Paradoxically, these prophets of the death of place—in the Internet age we can live and work anywhere—still require proximity to each other to feed their genius.
At the end of The Geography of Genius, we are left with more questions than answers, as the book is more about the journey itself and the process of uncovering connections than the findings. But for the most part these questions are heuristic and good to ponder.

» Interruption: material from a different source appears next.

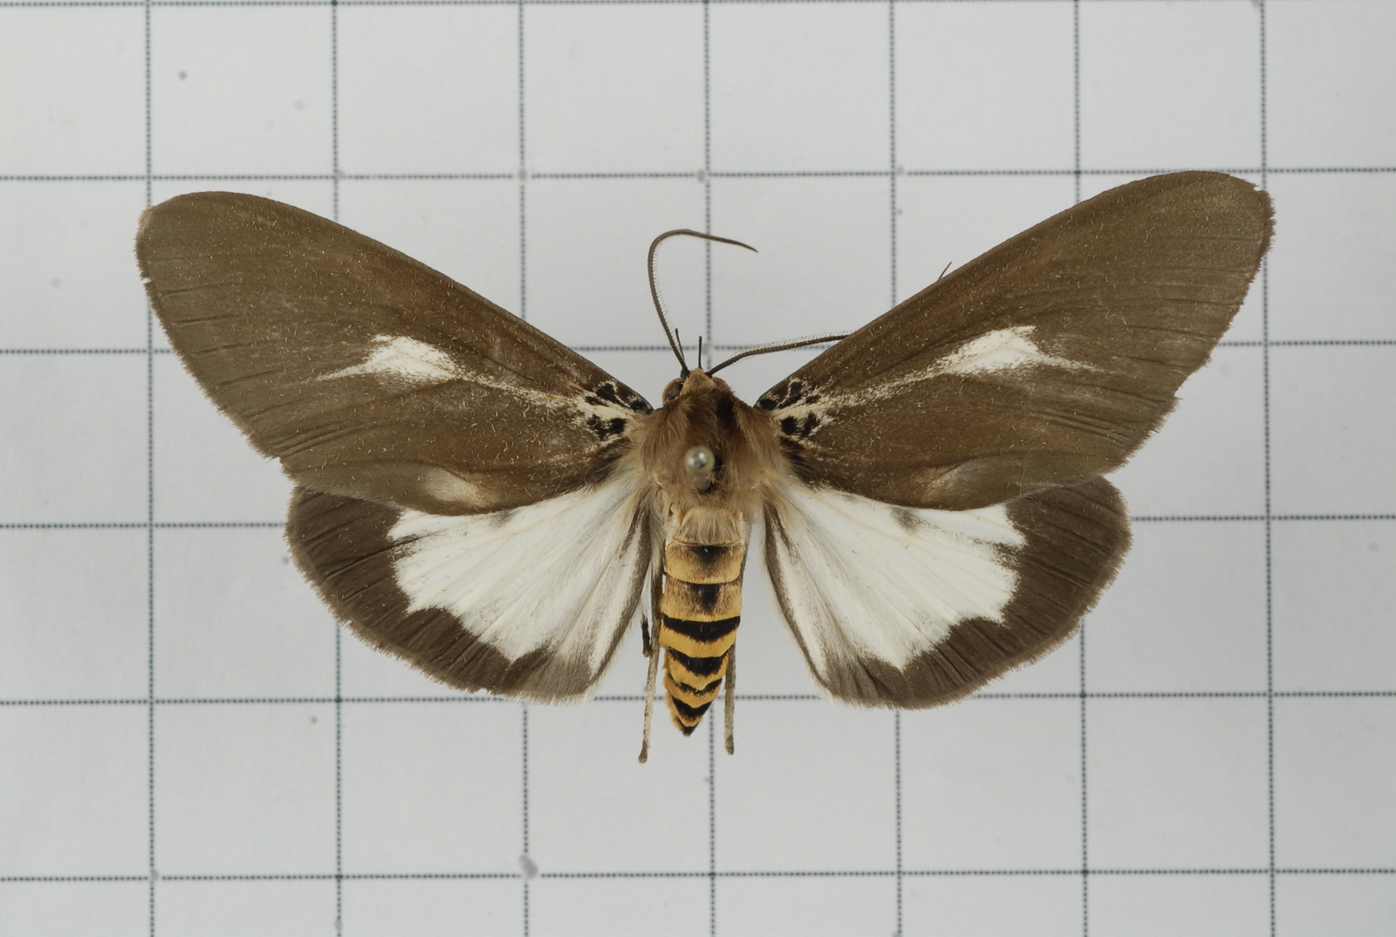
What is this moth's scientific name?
Asota heliconia zebrina

Weiner summarizes these key elements as the Three Ds: disorder, diversity, and discernment. Disorder shakes up the status quo, creating a space for new ways of thinking and doing. Diversity contributes to not only different ways of connecting the dots, but different kinds of dots. Discernment is the critical ability to assess both progress and failure, to tell good ideas from bad, and to be able to build on the latter.
Many readers will find that the Geography of Genius offers an enjoyable and thought-provoking journey with Weiner as a charming tour guide in the style of Bill Bryson and Anthony Bourdain. His lively, witty, and accessible style draws people in, and he educates while he entertains.
But this folksy meandering approach will likely irritate some readers, who would rather he got to the point, while the ambitious scope, of necessity, results in a somewhat superficial treatment.